In June, 1901, eleven years after Saint Francis de Sales Parish was founded, Archbishop Ryan saw need for an additional parish further west. Reverend Patrick Burke, appointed its first pastor, imagined all the challenges ahead and suggested jokingly to the Archbishop that his new parish be named “The Agony in the Garden.” “Ah,” said his Grace, with a knowing smile, “Yes, Father Burke, you have a fine garden, but the agony is yet to come.”

Most Blessed Sacrament Parish was a “fine garden” back then. Its first Chapel, a temporary wooden building at 56th and Chester Ave., was dedicated in December 1901. A 1917 parish history provides a lyrical description of the landscape, when “the very ground now hallowed by the erection of our Chapel and School was part of a vast woodland…To the south and east the Schuylkill, teeming with its myriads of fish, wound through sylvan glades to meet the lordly Delaware, while on the western slope of this section…Cobb’s Creek (was a ) variegated ribbon in and out among the trees…But  “the busy march of progress” was turning forest into farmland and placing mills and factories along the waterways.
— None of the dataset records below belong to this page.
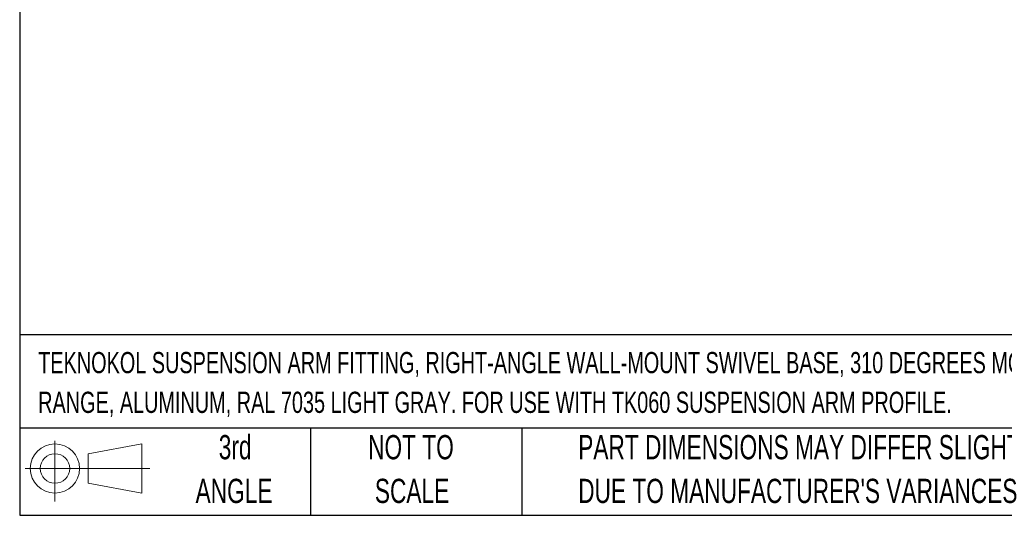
# Model space of a CAD drawing. Header units: millimetres. Extents: x 19 to 819, y 19 to 629.
# Tile 1 of 50: x 19 to 277, y 19 to 149. Entities that reach past the tile are written whole.
import ezdxf

# ---------------------------------------------------------------- set-up
doc = ezdxf.new("R2010")
doc.units = ezdxf.units.MM
doc.header["$LTSCALE"] = 3
doc.layers.add('TEXT', color=140, linetype='Continuous', lineweight=25)
doc.styles.add('SLDTEXTSTYLE0', font='TXT', dxfattribs={"width": 0.7})

# ---------------------------------------------------------------- blocks, each defined once
blk = doc.blocks.new('Block11')
at = {"color": 7, "linetype": 'Continuous', "lineweight": 18}
for p, q in [((7.77, 15.93), (7.77, 0)), ((16.44, 12.5), (30.53, 15.1)), ((30.53, 15.1), (30.53, 2.19)), ((16.44, 4.79), (16.44, 12.5)), ((0, 8.65), (32.62, 8.65)), ((16.44, 4.79), (30.53, 2.19))]:
    blk.add_line(p, q, dxfattribs=at)
for radius in [6.45, 3.86]:
    blk.add_circle((7.77, 8.65), radius, dxfattribs=at)
blk = doc.blocks.new('Block12')
at = {"color": 7, "linetype": 'Continuous'}
blk.add_blockref('Block11', (0, 0), dxfattribs=at)

msp = doc.modelspace()

# ---------------------------------------------------------------- linework, layer by layer
at = {"layer": 'TEXT'}
for p, q in [((19.05, 628.65), (19.05, 19.05)), ((819.15, 66.378), (19.05, 66.378)), ((819.15, 41.91), (19.05, 41.91)), ((95.25, 41.91), (95.25, 19.05)), ((150.635, 41.91), (150.635, 19.05)), ((19.05, 19.05), (819.15, 19.05))]:
    msp.add_line(p, q, dxfattribs=at)

# ---------------------------------------------------------------- block references
msp.add_blockref('Block12', (20.514, 22.662), dxfattribs=at)

# ---------------------------------------------------------------- texts
at = {"layer": 'TEXT', "style": 'SLDTEXTSTYLE0'}
for s, insert, char_height, attachment_point in [('TEKNOKOL SUSPENSION ARM FITTING, RIGHT-ANGLE WALL-MOUNT SWIVEL BASE, 310 DEGREES MOVEMENT', (23.897, 61.861), 5.55625, 1), ('RANGE, ALUMINUM, RAL 7035 LIGHT GRAY. FOR USE WITH TK060 SUSPENSION ARM PROFILE.', (23.897, 51.452), 5.55625, 1), ('3rd', (75.487, 40.092), 6.35, 2), ('NOT TO', (121.547, 40.092), 6.35, 2), ('PART DIMENSIONS MAY DIFFER SLIGHTLY', (165.358, 40.092), 6.35, 1), ('ANGLE', (75.195, 28.625), 6.35, 2), ('SCALE', (121.836, 28.625), 6.35, 2), ("DUE TO MANUFACTURER'S VARIANCES", (165.358, 28.625), 6.35, 1)]:
    msp.add_mtext(s, dxfattribs=dict(at, insert=insert, char_height=char_height, attachment_point=attachment_point))

doc.saveas('drawing.dxf')

When immigrant workers – many of them Catholic — needed housing, green fields further transformed into “long imposing thoroughfares lined with blocks of houses.”

mbs walsh
Rev. John Walsh, First Assistat at Most Blessed Sacrament

Conditions were primitive as the neighbourhood developed, and Father Burke suffered “many privations…. Gray’s Lane was at times almost a trough of yellow mud and he had to walk from 55th and Woodland Avenue to the Chapel. Some of the most public-spirited among the parishioners at their own expense had a part of the lane filled in and a cinder path laid. Once in a while, a good soul would provide a carriage to convey the delicate priest to Mass.” Father John Walsh came to assist in 1902, but Father Burke had already exhausted his frail health trying to build the parish and died in 1906, while the chapel/school and permanent church were still being planned.
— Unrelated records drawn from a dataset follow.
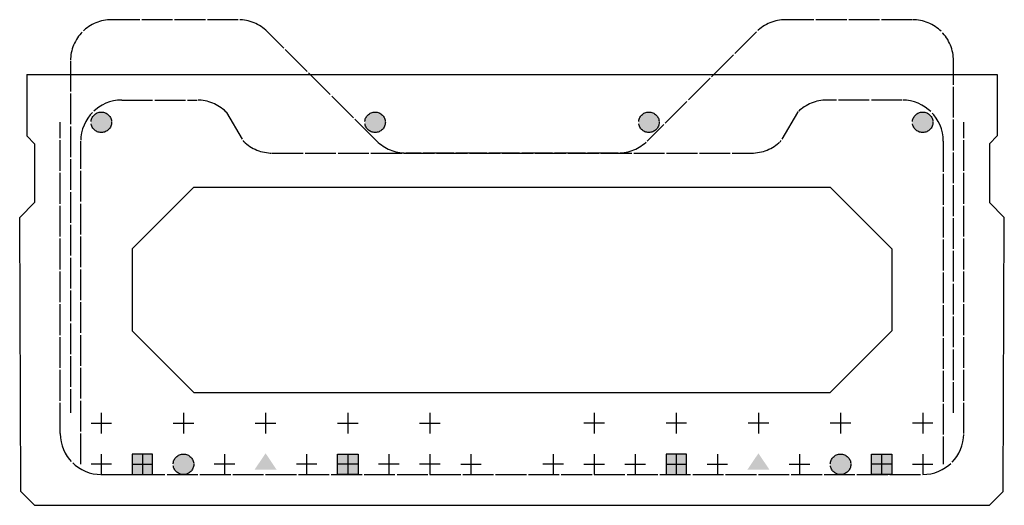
# Model space of a CAD drawing. Header units: inches. Extents: x 0 to 632, y 178 to 481.
# Tile 1 of 3: x 0 to 48, y 300 to 324. Entities that reach past the tile are written whole.
import ezdxf

# ---------------------------------------------------------------- set-up
doc = ezdxf.new("R2010")
doc.units = ezdxf.units.IN
doc.header["$MEASUREMENT"] = 0
doc.linetypes.add('brebarpr', pattern=[1.5625, 1.5, -0.0625])
for name, color, linetype in [('BR_P_Beam_Object', 7, 'Continuous'), ('BR_P_Beam_Reinforcing', 30, 'brebarpr'), ('BR_P_Prestress_Object', 3, 'Continuous')]:
    doc.layers.add(name, color=color, linetype=linetype)

msp = doc.modelspace()

# ---------------------------------------------------------------- hatches: boundary and pattern name
at = {"layer": 'BR_P_Beam_Reinforcing'}
h = msp.add_hatch(color=256, dxfattribs=at)
h.dxf.hatch_style = 1
h.paths.add_polyline_path([(3.471, 318.503, 1), (4.471, 318.503, 1)])
h = msp.add_hatch(color=256, dxfattribs=at)
h.dxf.hatch_style = 1
h.paths.add_polyline_path([(16.804, 318.503, 1), (17.804, 318.503, 1)])
h = msp.add_hatch(color=256, dxfattribs=at)
h.dxf.hatch_style = 1
h.paths.add_polyline_path([(30.137, 318.503, 1), (31.137, 318.503, 1)])
h = msp.add_hatch(color=256, dxfattribs=at)
h.dxf.hatch_style = 1
h.paths.add_polyline_path([(43.471, 318.503, 1), (44.471, 318.503, 1)])
h = msp.add_hatch(color=256, dxfattribs=at)
h.dxf.hatch_style = 1
h.paths.add_polyline_path([(7.471, 301.835, 1), (8.471, 301.835, 1)])
h = msp.add_hatch(color=256, dxfattribs=at)
h.dxf.hatch_style = 1
h.paths.add_polyline_path([(39.471, 301.835, 1), (40.471, 301.835, 1)])
at = {"layer": 'BR_P_Prestress_Object'}
h = msp.add_hatch(color=256, dxfattribs=at)
h.dxf.hatch_style = 1
h.paths.add_polyline_path([(5.971, 302.335), (5.471, 302.335), (5.471, 301.335), (5.971, 301.335), (6.471, 301.335), (6.471, 302.335)])
h = msp.add_hatch(color=256, dxfattribs=at)
h.dxf.hatch_style = 1
h.paths.add_polyline_path([(11.971, 302.369), (12.511, 301.568), (11.971, 301.568), (11.43, 301.568)])
h = msp.add_hatch(color=256, dxfattribs=at)
h.dxf.hatch_style = 1
h.paths.add_polyline_path([(15.471, 302.335), (15.471, 301.335), (15.971, 301.335), (16.471, 301.335), (16.471, 302.335), (15.971, 302.335)])
h = msp.add_hatch(color=256, dxfattribs=at)
h.dxf.hatch_style = 1
h.paths.add_polyline_path([(31.971, 302.335), (31.471, 302.335), (31.471, 301.335), (31.971, 301.335), (32.471, 301.335), (32.471, 302.335)])
h = msp.add_hatch(color=256, dxfattribs=at)
h.dxf.hatch_style = 1
h.paths.add_polyline_path([(35.971, 302.369), (35.43, 301.568), (35.971, 301.568), (36.511, 301.568)])
h = msp.add_hatch(color=256, dxfattribs=at)
h.dxf.hatch_style = 1
h.paths.add_polyline_path([(41.471, 302.335), (41.471, 301.335), (41.971, 301.335), (42.471, 301.335), (42.471, 302.335), (41.971, 302.335)])

# ---------------------------------------------------------------- linework, layer by layer
at = {"layer": 'BR_P_Beam_Object'}
for p, q in [((0.346, 320.835), (47.596, 320.835)), ((0.346, 320.835), (0.346, 317.835)), ((47.596, 320.835), (47.596, 317.835)), ((0.346, 317.835), (0.721, 317.46)), ((0.721, 317.46), (0.721, 314.585)), ((47.596, 317.835), (47.221, 317.46)), ((47.221, 317.46), (47.221, 314.585)), ((5.471, 312.335), (8.471, 315.335)), ((8.471, 315.335), (39.471, 315.335)), ((42.471, 312.335), (39.471, 315.335)), ((0.721, 314.585), (-0.004, 313.86)), ((47.221, 314.585), (47.945, 313.86)), ((0.053, 300.503), (-0.004, 313.86)), ((47.889, 300.503), (47.945, 313.86)), ((5.471, 312.335), (5.471, 308.335)), ((42.471, 312.335), (42.471, 308.335)), ((5.471, 308.335), (8.471, 305.335)), ((39.471, 305.335), (42.471, 308.335)), ((8.471, 305.335), (39.471, 305.335)), ((0.053, 300.503), (0.721, 299.835)), ((47.221, 299.835), (47.889, 300.503)), ((0.721, 299.835), (47.221, 299.835))]:
    msp.add_line(p, q, dxfattribs=at)
at = {"layer": 'BR_P_Beam_Reinforcing'}
for p, q in [((4.971, 319.586), (8.642, 319.586)), ((42.971, 319.586), (39.299, 319.586)), ((10.07, 318.978), (10.871, 317.611)), ((37.871, 318.978), (37.07, 317.611)), ((1.971, 303.335), (1.971, 318.503)), ((45.971, 303.335), (45.971, 318.503)), ((2.971, 301.835), (2.971, 317.586)), ((44.971, 317.586), (44.971, 301.835)), ((12.299, 317.003), (35.642, 317.003)), ((3.971, 301.335), (43.971, 301.335))]:
    msp.add_line(p, q, dxfattribs=at)
msp.add_lwpolyline([(45.471, 304.335), (45.471, 321.503, 0.414214), (43.471, 323.503), (37.299, 323.503, 0.198912), (35.885, 322.917), (30.556, 317.589, -0.198912), (29.142, 317.003), (18.799, 317.003, -0.198912), (17.385, 317.589), (12.056, 322.917, 0.198912), (10.642, 323.503), (4.471, 323.503, 0.414214), (2.471, 321.503), (2.471, 304.335)], format="xyb", dxfattribs=at)
for centre in [(3.971, 318.503), (17.304, 318.503), (30.637, 318.503), (43.971, 318.503), (7.971, 301.835), (39.971, 301.835)]:
    msp.add_circle(centre, 0.5, dxfattribs=at)
for centre, radius, start, end in [((4.971, 317.586), 2, 90, 180), ((8.642, 317.586), 2, 45.794, 90), ((39.299, 317.586), 2, 90, 134.206), ((42.971, 317.586), 2, 0, 90), ((9.897, 318.876), 0.2, 30.4068, 45.794), ((38.044, 318.876), 0.2, 134.206, 149.5932), ((11.044, 317.713), 0.2, 210.4068, 225.794), ((12.299, 319.003), 2, 225.794, 270), ((35.642, 319.003), 2, 270, 314.206), ((36.897, 317.713), 0.2, 314.206, 329.5932), ((3.971, 303.335), 2, 180, 270), ((3.971, 303.335), 2, 180, 270), ((43.971, 303.335), 2, 270, 0), ((43.971, 303.335), 2, 270, 0)]:
    msp.add_arc(centre, radius, start, end, dxfattribs=at)
at = {"layer": 'BR_P_Prestress_Object'}
for p, q in [((3.971, 304.335), (3.971, 303.335)), ((7.971, 304.335), (7.971, 303.335)), ((11.971, 304.335), (11.971, 303.335)), ((15.971, 304.335), (15.971, 303.335)), ((19.971, 304.335), (19.971, 303.335)), ((27.971, 304.335), (27.971, 303.335)), ((31.971, 304.335), (31.971, 303.335)), ((35.971, 304.335), (35.971, 303.335)), ((39.971, 304.335), (39.971, 303.335)), ((43.971, 304.335), (43.971, 303.335)), ((3.471, 303.835), (4.471, 303.835)), ((7.471, 303.835), (8.471, 303.835)), ((11.471, 303.835), (12.471, 303.835)), ((15.471, 303.835), (16.471, 303.835)), ((19.471, 303.835), (20.471, 303.835)), ((28.471, 303.835), (27.471, 303.835)), ((32.471, 303.835), (31.471, 303.835)), ((36.471, 303.835), (35.471, 303.835)), ((40.471, 303.835), (39.471, 303.835)), ((44.471, 303.835), (43.471, 303.835)), ((3.971, 302.335), (3.971, 301.335)), ((5.971, 302.335), (5.971, 301.335)), ((9.971, 302.335), (9.971, 301.335)), ((13.971, 302.335), (13.971, 301.335)), ((15.971, 302.335), (15.971, 301.335)), ((17.971, 302.335), (17.971, 301.335)), ((19.971, 302.335), (19.971, 301.335)), ((21.971, 302.335), (21.971, 301.335)), ((25.971, 302.335), (25.971, 301.335)), ((27.971, 302.335), (27.971, 301.335)), ((29.971, 302.335), (29.971, 301.335)), ((31.971, 302.335), (31.971, 301.335)), ((33.971, 302.335), (33.971, 301.335)), ((37.971, 302.335), (37.971, 301.335)), ((41.971, 302.335), (41.971, 301.335)), ((43.971, 302.335), (43.971, 301.335)), ((4.471, 301.835), (3.471, 301.835)), ((5.471, 301.835), (6.471, 301.835)), ((10.471, 301.835), (9.471, 301.835)), ((14.471, 301.835), (13.471, 301.835)), ((16.471, 301.835), (15.471, 301.835)), ((18.471, 301.835), (17.471, 301.835)), ((20.471, 301.835), (19.471, 301.835)), ((21.471, 301.835), (22.471, 301.835)), ((26.471, 301.835), (25.471, 301.835)), ((27.471, 301.835), (28.471, 301.835)), ((29.471, 301.835), (30.471, 301.835)), ((31.471, 301.835), (32.471, 301.835)), ((33.471, 301.835), (34.471, 301.835)), ((37.471, 301.835), (38.471, 301.835)), ((42.471, 301.835), (41.471, 301.835)), ((43.471, 301.835), (44.471, 301.835))]:
    msp.add_line(p, q, dxfattribs=at)
for points in [[(5.971, 302.335), (5.471, 302.335), (5.471, 301.335), (5.971, 301.335), (6.471, 301.335), (6.471, 302.335)], [(15.971, 302.335), (16.471, 302.335), (16.471, 301.335), (15.971, 301.335), (15.471, 301.335), (15.471, 302.335)], [(31.971, 302.335), (31.471, 302.335), (31.471, 301.335), (31.971, 301.335), (32.471, 301.335), (32.471, 302.335)], [(41.971, 302.335), (42.471, 302.335), (42.471, 301.335), (41.971, 301.335), (41.471, 301.335), (41.471, 302.335)]]:
    msp.add_lwpolyline(points, close=True, dxfattribs=at)

doc.saveas('drawing.dxf')

The 1917 writer was already nostalgic: “Memory calls up the little wooden Chapel among the trees in all the glory of its rustic setting on a Sunday morning in Spring. Over the fields, up the lane and through the main thoroughfare, came these worshipers, eagerly and happily.  At the door smiling and buoyant stood Father John  welcoming the newcomers, learning the names of the children, and by his subtle charm winning souls and also gaining workers for the new church…”

Different times!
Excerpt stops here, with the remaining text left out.